Egor Morokov

Methods of pulsed acoustic microscopy in industrial diagnostics

A brief review of the methods of pulsed acoustic microscopy is presented. The problems and possibilities of nondestructive ultrasonic high-resolution monitoring are discussed. It is shown that methods of pulsed acoustic microscopy can be used to control the integrity of multilayer constructions and associated mechanical units. Micron resolution of acoustic images is attained by focusing the probing ultrasonic beam (50–100 MHz). Original results obtained in joint efforts with developers of 3D miroelectronics and the technology for producing turbine blades are presented.

Bulk microstructure and local elastic properties of carbon nanocomposites studied by impulse acoustic microscopy technique

Bulk microstructure and elastic properties of epoxy-nanocarbon nanocomposites for diverse types and different content of carbon nanofiller has been studied by using impulse acoustic microscopy technique. It has been shown occurrence of various types of mesoscopic structure formed by nanoparticles inside the bulk of nanocomposite materials, including nanoparticle conglomerates and nanoparticle aerogel systems. In spite of the bulk microstructure, nanocarbon composites demonstrate elastic uniformity and negligible influence of nanofiller on elastic properties of carbon nanocomposite materials.

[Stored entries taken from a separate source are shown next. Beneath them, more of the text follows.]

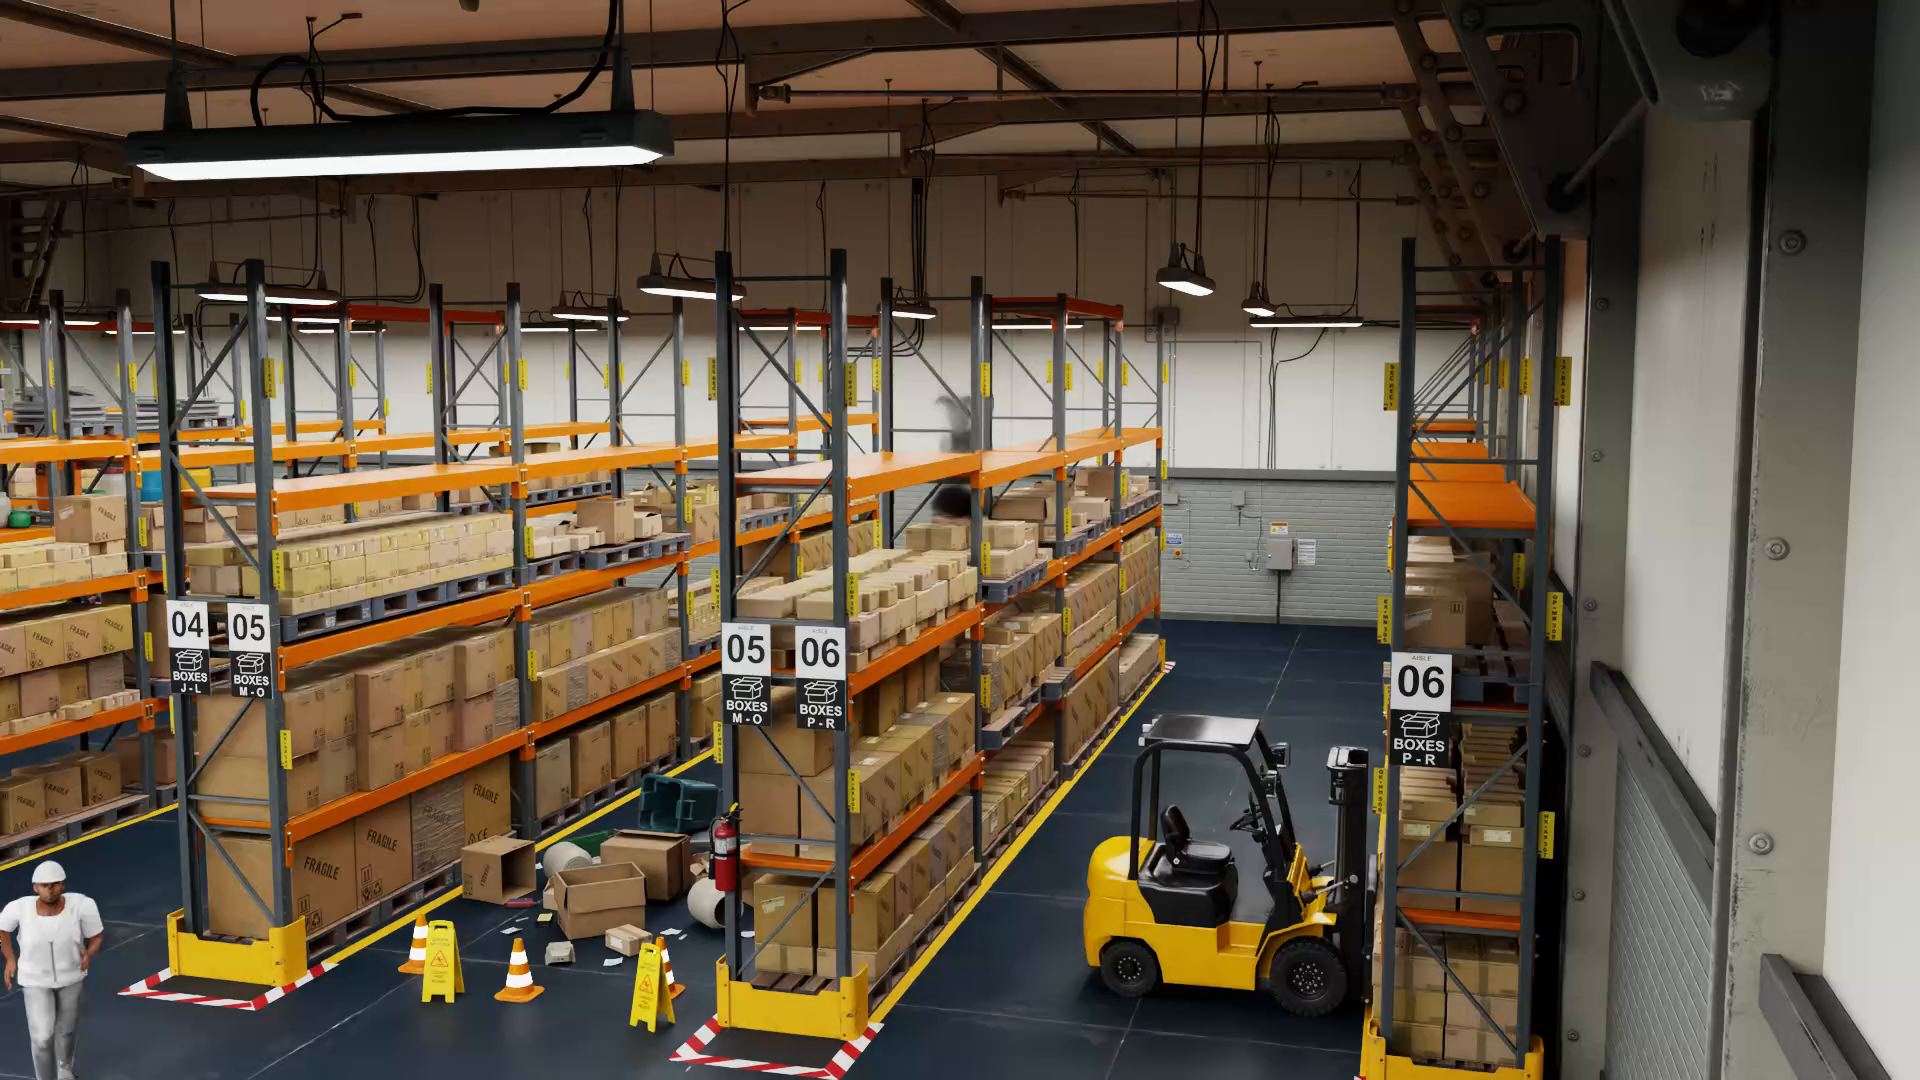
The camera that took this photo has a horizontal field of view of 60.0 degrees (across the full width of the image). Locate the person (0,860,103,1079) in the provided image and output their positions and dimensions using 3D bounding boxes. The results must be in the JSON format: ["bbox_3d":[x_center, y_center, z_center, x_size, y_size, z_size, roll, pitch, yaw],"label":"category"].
[{"bbox_3d":[-6.299,3.097,11.571,0.626,1.813,0.865,-4,8,-36],"label":"person"}]
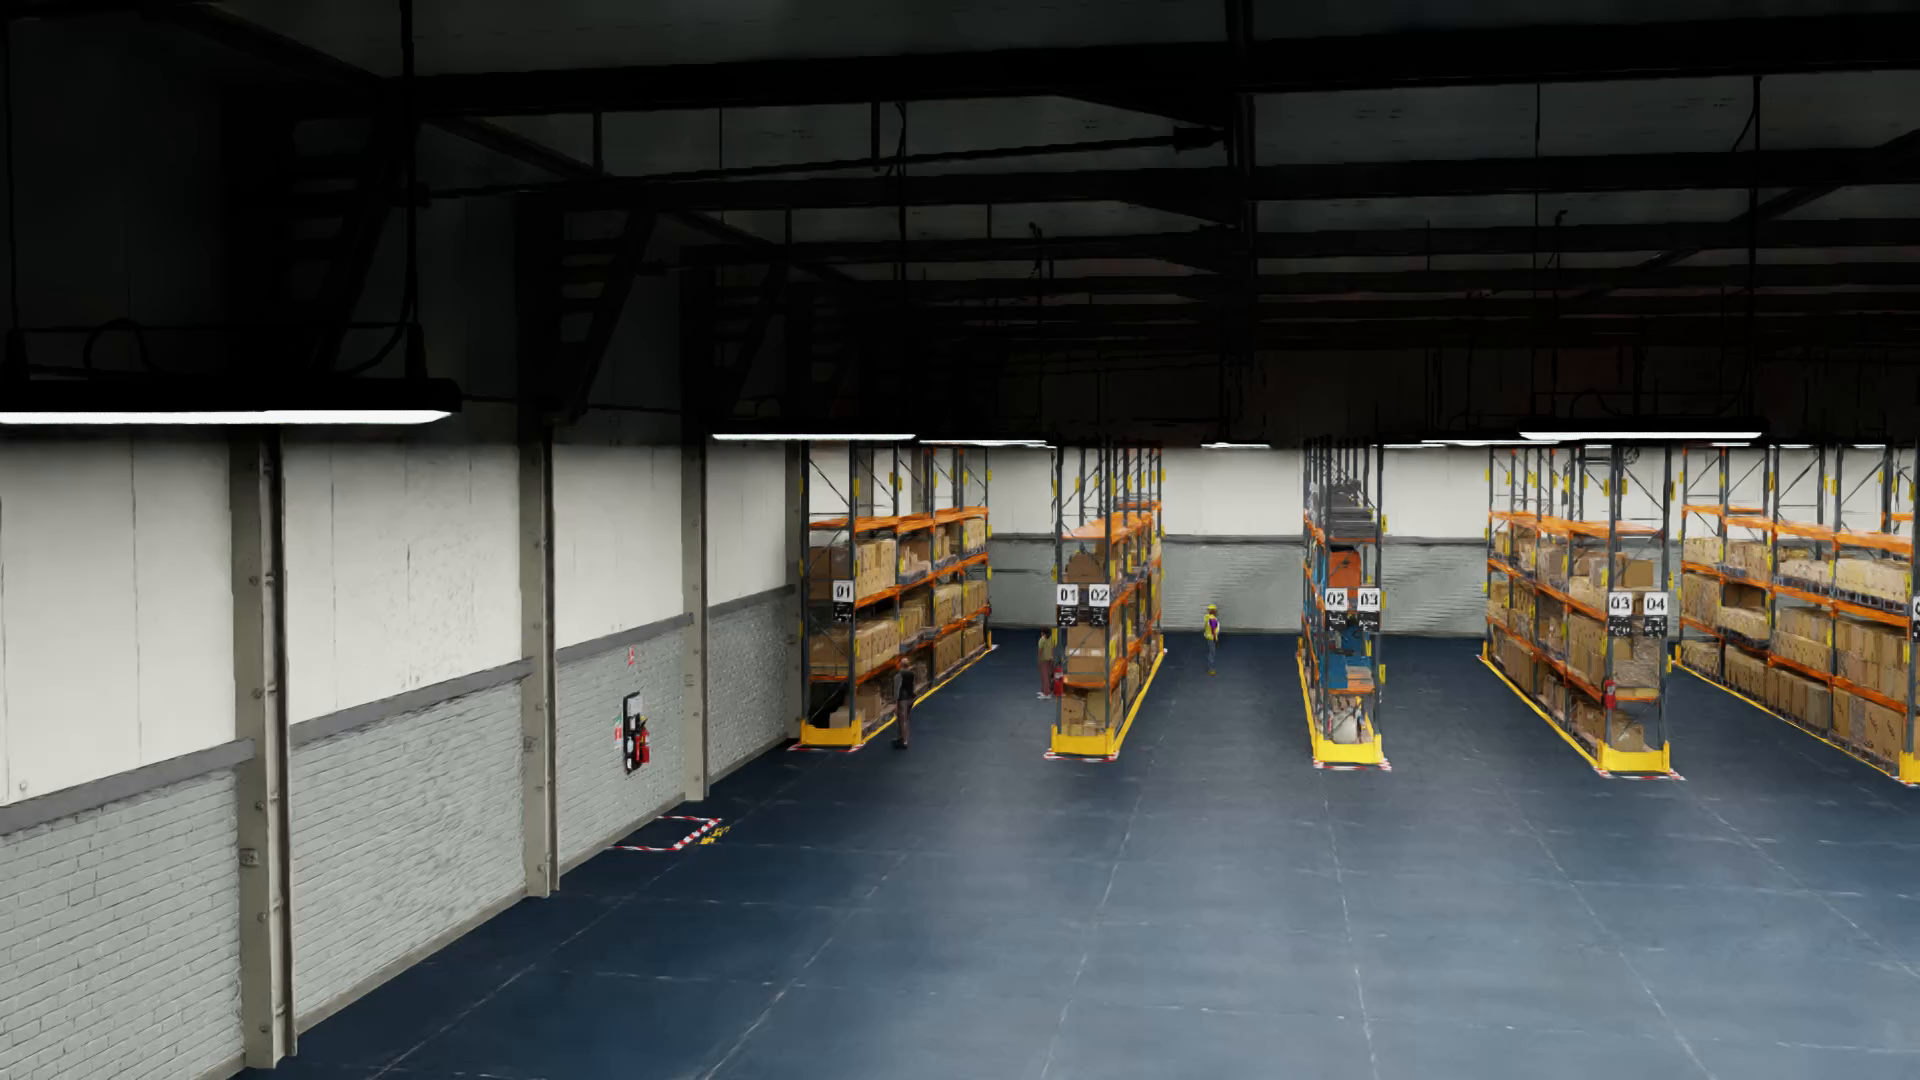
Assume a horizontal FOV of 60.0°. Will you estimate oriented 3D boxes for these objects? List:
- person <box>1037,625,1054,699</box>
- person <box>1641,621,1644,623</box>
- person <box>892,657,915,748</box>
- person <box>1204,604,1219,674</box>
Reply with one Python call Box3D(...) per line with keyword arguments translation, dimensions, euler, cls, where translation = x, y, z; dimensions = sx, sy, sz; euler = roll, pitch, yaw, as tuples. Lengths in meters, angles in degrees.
Box3D(translation=(1.941, 2.805, 38.360), dimensions=(0.553, 1.651, 0.562), euler=(3, 4, 40), cls="person")
Box3D(translation=(17.083, 2.628, 41.266), dimensions=(0.462, 1.723, 0.588), euler=(-1, 3, -17), cls="person")
Box3D(translation=(-1.124, 3.116, 32.102), dimensions=(0.535, 1.721, 0.616), euler=(2, 4, 37), cls="person")
Box3D(translation=(6.459, 2.518, 42.560), dimensions=(0.400, 1.769, 0.674), euler=(-1, 3, -10), cls="person")

Studying the dynamics of microdefect growth in carbon fiber reinforced plastics under mechanical loading by means of ultrasonic microscopy

Strength characteristics of carbon fiber reinforced plastics (CFRPs) are investigated by nondestructive means as microstructural changes in a material’s bulk under external mechanical loads. CFRP microstructure is studied experimentally via pulsed ultrasonic microscopy at the level of mechanical deformation resulting in degradation of a material’s properties. The process of composite deformation is studied by means of stepped stretching. Acoustic emissions are used to identify the stage preceding final destruction (the accumulation of microcracks, fibers breaking, and delamination) as an indicator of a material’s degradation. Pulse acoustic microscopy is used to observe the accumulation of microcracks in individual layers of a material. To study the behavior of a CFRP microstructure upon mechanical loading, tensile stress was applied to samples with cross-ply packing of fibers (0°, 90°) and (45°, −45°). It is shown that the brittle fracturing of reinforcing fibers is typical of CFRPs with fiber orientation (0°, 90°), and is accompanied by growing areas of stress concentration and a rise in of acoustic emission activity, with a subsequent increase in the signal energy and the formation of extensive interlaminar delamination. Acoustic emission shows a low level of activity for CFRP samples with fiber orientation (45°, −45°), which is accompanied by the formation of structural microdefects that are clearly visible in acoustic images.

Studying the Degradation of Reinforced Composites by High-Resolution Ultrasonic Means

Nondestructive means of pulsed acoustic microscopy are used to visualize and assess the bulk microstructure of carbon fiber reinforced composites. Irreversible changes in the composite structure under the influence of external mechanical and climatic factors are studied, and the dynamics of the accumulation and growth of microscopic defects leading to destruction is studied. Ultrasonic explorations are conducted at frequencies of 50–100 MHz. It is shown that scattered (diffracted) radiation participates in image formation; this makes it possible to detect small cavities (detachment of reinforcing fibers), clusters of microscopic defects, and inclined extended cracks oriented along the fibers’ packing. These cracks are precursors to the brittle fracture of a composite, and their visualization is difficult with standard ultrasonic methods.

Dispersion Hardening of Composites in the System Aluminum Oxide and Cerium Cation Stabilized Tetragonal Zirconium Dioxide

The production of composites based on nanopowders synthesized by the sol-gel method in the system aluminum oxide and tetragonal zirconium dioxide stabilized by cerium cations (Al2O3–[Ce–TZP]) is described. It is shown that modification of the compositions by calcium oxide promotes the formation of composites of a dispersion-hardening phase in the form of long-prismatic grains in the sintering process. The presence of this phase affects the increase of strength and resistance to brittle fracture of composites with a ZrO2 matrix and with an Al2O3 matrix. The strength in static bending of the composites reaches 1000 MPa and the cracking resistance K1c increases to 11.0 MPa·m1/2.

Ultrasonic microscopy of contact joints

Ultrasonic techniques allow examination of internal structure and the detection of discontinuities at the interface of various joints. Contact joints obtained via diffusion welding, sintering, and other adhesive methods are investigated using impulse acoustic microscopy. It is shown that short probing pulses of focused ultrasound with frequencies of 50–100 MHz reveal areas with different adhesion strengths, areas of partial contact, peeling or air bubbles, and buffer layer thicknesses. Mechanisms of acoustic contrast at such interfaces are discussed. The results are of interest to specialists in the field of high-resolution ultrasonic nondestructive testing. They are needed to predict the failure mechanisms of composite products, from carbon fiber–reinforced plastics for the aviation industry to high-density ceramics used in medical prosthetics.